Pretty amusing read, though this bit here peeved me just a little:
After the session, Bright explained the difference between steamy, bodice-ripping romances and erotica.
“When people read a romance, they don’t want a surprise, they want to be put through the paces,” she said, explaining that those paces include a hero, a heroine, a conflict, a resolution and, most important, a happy ending.
“In an erotic novel, you don’t know what’s going to happen. It might not have a happy ending at all,” she said.
She compared it to watching “Law & Order” or “CSI” where the plot line could go in several directions, rather than a Western, which is more predictable because you have a cowboy, an Indian and a showdown.
Of course, the steamy parts are different, too. In romance novels, the mere touch of a man will often launch the heroine into waves of ecstasy. Not so in erotica, where those portrayals are more realistic. (Sorry, guys.)
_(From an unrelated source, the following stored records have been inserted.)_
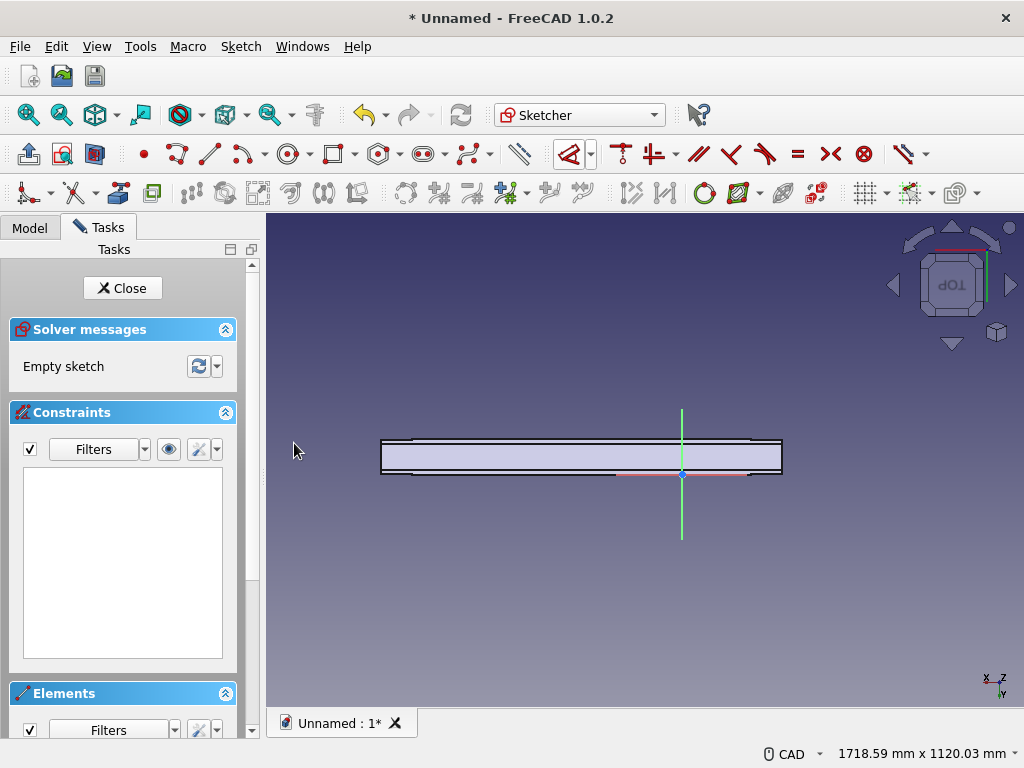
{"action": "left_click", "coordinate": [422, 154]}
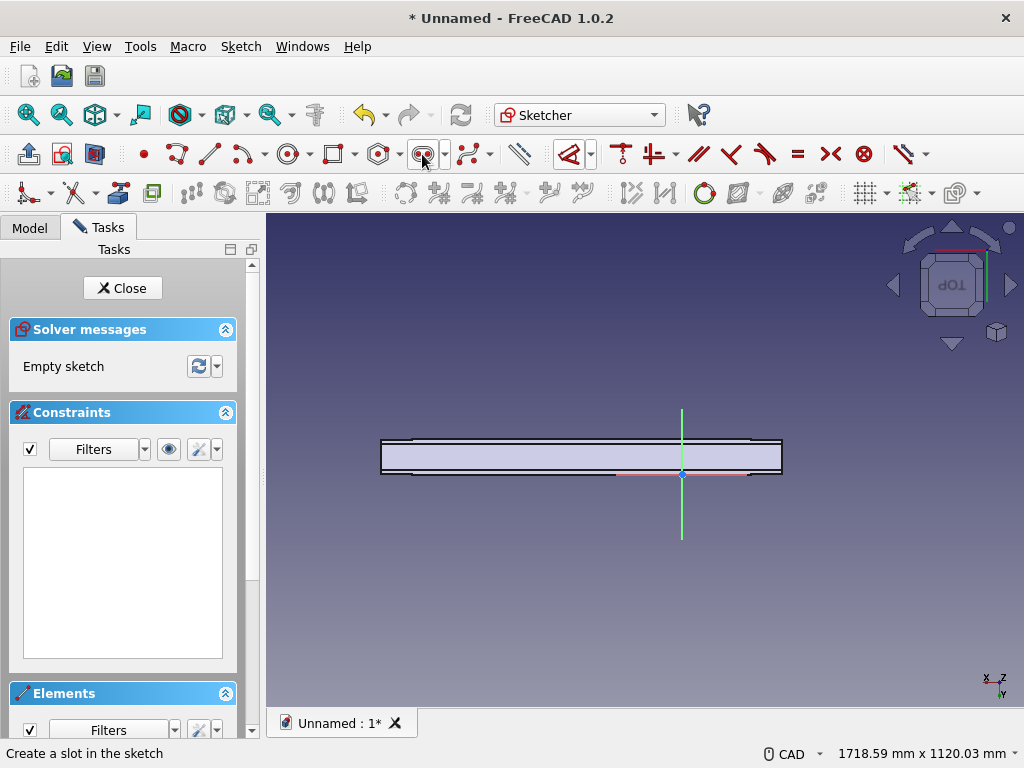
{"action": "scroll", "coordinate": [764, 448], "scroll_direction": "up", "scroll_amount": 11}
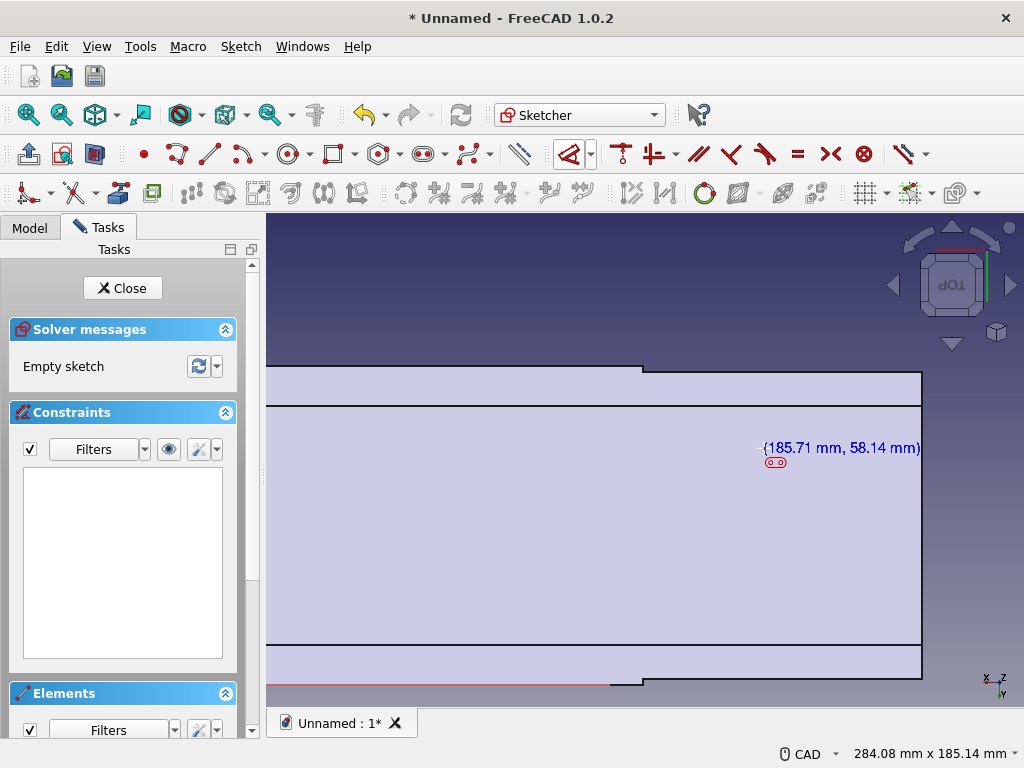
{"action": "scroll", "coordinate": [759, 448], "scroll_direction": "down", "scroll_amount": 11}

Do you wish that people who talk about romance novels in the mass media have read books that were published in the last 10, 15 years instead of being stuck in Woodiwisslandia, circa 1975? Yeah, me too.
And in terms of erotica being more “surprising” than mainstream romance: I call bullshit. I don’t know what’s gonna happen? Fuck that, I’ll tell you what’s gonna happen: loads and loads of steamy sex, often with multiple partners. The HEA may not be guaranteed, but so what? A romance novel can be completely sex-free and still be considered a romance novel; you can’t say the same about erotica. Trying to tout one genre as more unpredictable because of its different constraints is pretty damn silly. Their example of CSI vs. Westerns kind of proves the point: I think crime shows operate under just as many constraints as Westerns (though what kind of Westerns ARE they talking about? I haven’t seen a whole lot, but I’ve seen plenty of Clint Eastwood Westerns and none of them feature Indian sidekicks that I can remember, though the showdown was de rigueur). Instead of a cowboy, an Indian and a showdown, you have a crazy-ass killer, some forensic pathologists flexing their studly bods (or in David Caruso’s case, taking his sunglasses on and off) while babbling about hydrogen peroxide concentrations in the plasma or what-have-you, and the bad guy is caught at the end. Or have the 10 or so episodes of CSI that I’ve watched been completely atypical of the series?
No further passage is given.